How To Improve The Economy Quickly
For over 35 years, all crude oil transactions world wide have been made with the U.S. Dollar as the underlying currency. When the Dollar value is weak and falls in relation to the Euro and Yen, oil prices rise, causing what is known as Petrodollar Inflation. Want to improve the world economies...get off the US Dollar standard.

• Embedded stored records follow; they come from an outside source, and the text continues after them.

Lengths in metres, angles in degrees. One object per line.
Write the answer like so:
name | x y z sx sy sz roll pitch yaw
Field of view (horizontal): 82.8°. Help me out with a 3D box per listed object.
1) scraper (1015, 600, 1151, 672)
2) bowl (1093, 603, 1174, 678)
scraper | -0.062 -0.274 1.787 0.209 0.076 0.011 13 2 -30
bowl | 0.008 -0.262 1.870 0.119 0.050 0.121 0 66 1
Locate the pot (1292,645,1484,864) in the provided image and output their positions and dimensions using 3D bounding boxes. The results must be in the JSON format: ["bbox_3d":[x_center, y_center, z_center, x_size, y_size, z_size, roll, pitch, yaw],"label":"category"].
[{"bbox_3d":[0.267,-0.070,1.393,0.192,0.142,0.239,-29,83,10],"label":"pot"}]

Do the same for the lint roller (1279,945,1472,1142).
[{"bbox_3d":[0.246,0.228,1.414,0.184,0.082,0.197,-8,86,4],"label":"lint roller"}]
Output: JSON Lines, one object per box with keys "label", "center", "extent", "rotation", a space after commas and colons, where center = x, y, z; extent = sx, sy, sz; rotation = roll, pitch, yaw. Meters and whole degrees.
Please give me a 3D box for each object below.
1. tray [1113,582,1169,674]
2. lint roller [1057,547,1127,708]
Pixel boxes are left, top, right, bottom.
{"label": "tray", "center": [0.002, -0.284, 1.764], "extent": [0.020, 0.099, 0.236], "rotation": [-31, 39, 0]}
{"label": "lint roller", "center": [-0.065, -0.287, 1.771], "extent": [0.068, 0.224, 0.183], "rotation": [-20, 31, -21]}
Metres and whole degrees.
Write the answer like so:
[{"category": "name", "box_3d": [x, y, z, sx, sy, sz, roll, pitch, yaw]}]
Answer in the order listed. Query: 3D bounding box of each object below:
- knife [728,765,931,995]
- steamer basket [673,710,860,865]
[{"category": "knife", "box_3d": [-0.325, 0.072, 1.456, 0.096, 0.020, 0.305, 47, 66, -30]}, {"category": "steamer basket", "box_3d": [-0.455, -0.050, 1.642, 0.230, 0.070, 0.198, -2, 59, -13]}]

The US Dollar has been and is currently continuously devalued (inflated) by Ben Bernanke leadership in the Federal Reserve accompanied by and U.S. government monetary policies. According to Wikipedia, Petrodollar warfare refers to a hypothesis that one of the unknown, driving forces of United States foreign policy over recent decades has been the status of the United States dollar as the world's dominant reserve currency and as the currency in which oil is priced." "The reality is that the value of the U.S. dollar is determined by the fact that oil is sold in dollars. If the denomination changes to another currency, such as the euro, many countries would sell dollars and cause the banks to shift their reserves, as they would no longer need dollars to buy oil and gas. This would thus weaken the dollar relative to the euro." As it is right now, the U.S. Dollar has been weakened against the Euro deliberately so make American exports appear cheap.
In August and September, crude oil dropped for the first time in a very long time, to the mid 70 dollars a barrel. Gasoline also dropped well below $4.00 a gallon. On Friday, the retail sales report was released and it was very positive, up +1.4%. Why? Because for the first time in a very long time, consumers were not pouring every penny they had into their gas tanks. They could buy consumers goods instead. But now the stock market is rising for its annual end of year rally, and it is taking crude oil with it. Crude is already back at $87 a barrel with $100 in site probably over the next two months.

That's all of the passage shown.